25/8: Jebel, Wadi e Falaj. Al Sulayaf fu abbandonata perché l’uomo moderno si è stancato di vivere in case di fango. Ci troviamo, infatti, di fronte ad una città circondata da mura sgretolate dalla pioggia e dal vento, dal tempo e dall’incuria dell’uomo. Girovagare tra vicoletti e cortili è molto suggestivo. A volte ti sembra di sentire ancora i rumori delle faccende di casa, o il pianto dei bambini. Porte sbilenche e ventilatori contorti, ci fanno capire che sono state abbandonate da non molto tempo. Architetture semplici e primitive, fatte di archi e contrafforti, nicchie e stretti passaggi, che rendono gli ambienti irreali. Eppure queste case non ci sembrano del tutto abbandonate: si percepisce che il fango delle pareti, oltre a paglia e pietre contiene ancora lo spirito della gente vissuta qui per centinaia di anni, forse millenni. In religioso silenzio medito che questi nudi e poveri muri hanno visto la nascita e la morte di centinaia di persone. I sorrisi degli sposi e le lacrime delle vedove.

Proseguiamo verso Al Ayn, antica necropoli (2000 – 3000 a.C.), lungo la strada tra Ibri e Jabrin.
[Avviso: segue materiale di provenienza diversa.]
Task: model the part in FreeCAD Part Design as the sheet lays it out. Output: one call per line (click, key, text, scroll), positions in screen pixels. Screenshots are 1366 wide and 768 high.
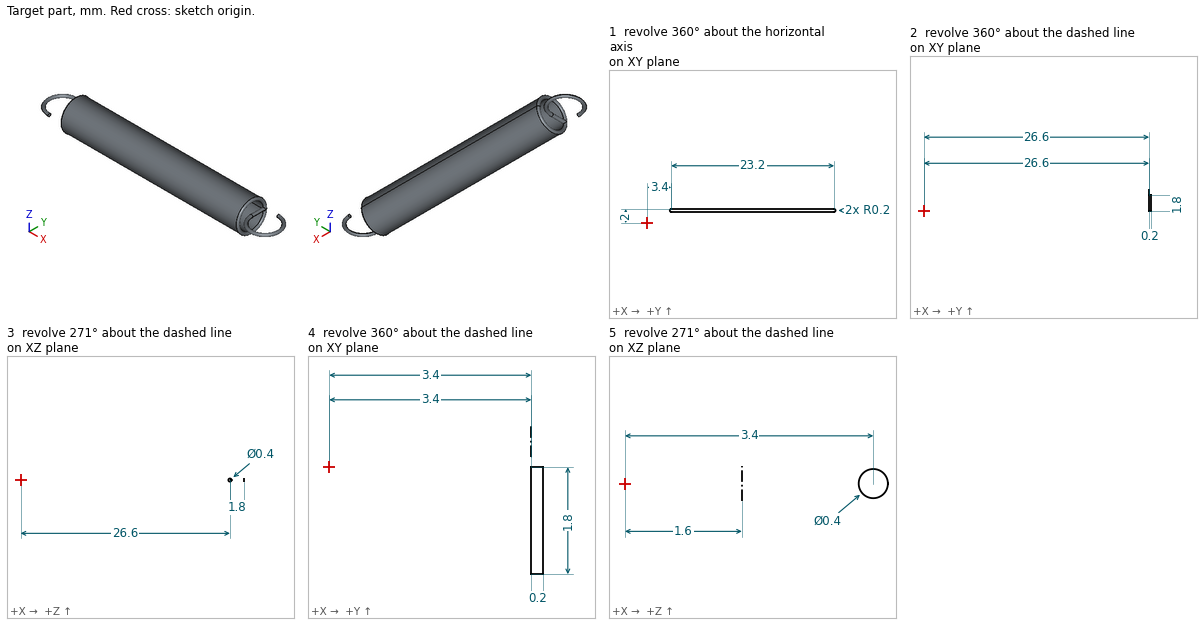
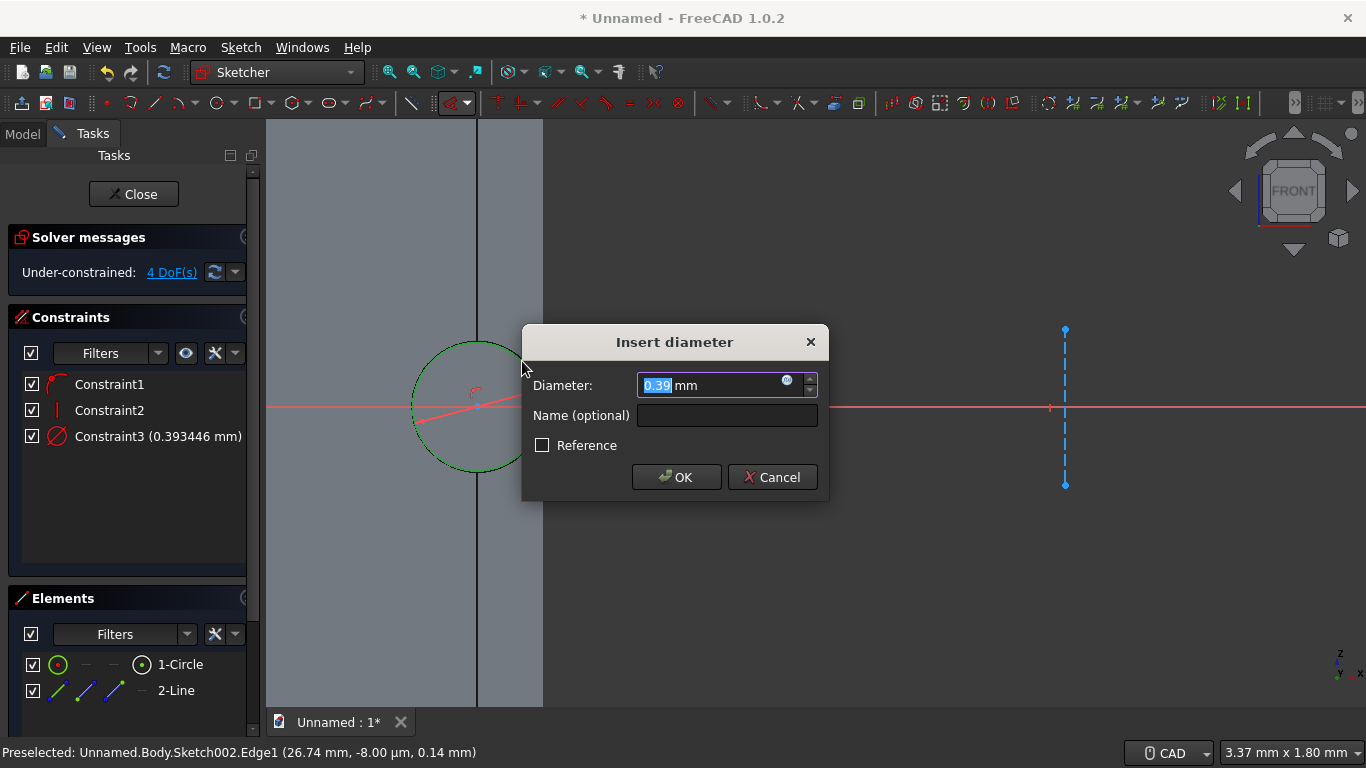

Dal fondovalle del piccolo Wadi guardando verso la montagna, arcaiche costruzioni tronco-coniche appaiono come sentinelle sul crinale della collina. Il paesaggio è arricchito dal Jebel Misht che fa da quinta alle antiche tombe. Le pietre sono fatte di lastre tipo gneiss, ma di un colore marrone scuro, quasi bruciato dal sole e dal tempo. E’ un posto magico dove restare a meditare per ore. A vederle qualcuno le ha paragonate a nuraghi, altri a trulli. Ma io vi dico che rassomigliano terribilmente ai “Pagliari garganici”. La tecnica costruttiva è identica, come anche l’ingresso e la scala circolare in pietra che gira esternamente intorno alla costruzione. E’ diversa la pietra: calcare quella garganica, gneiss quella omanita. Tali similitudini sono davvero imbarazzanti, e ci fanno riflettere: identiche civiltà agro-pastorali in ambienti aridi e identiche necessità e modalità

costruttive. Bella foto di gruppo e via si riparte verso Jabrin. Un forte del 1600, costruito e arredato come un palazzo, con magnifiche decorazioni e passaggi segreti, ci offre la possibilità di riposarci al fresco e di bere di nascosto. Dietro le spalle di qualcuno si vedeva salire qualche nuvoletta di fumo. E già, durante il Ramadam è anche vietato fumare di giorno.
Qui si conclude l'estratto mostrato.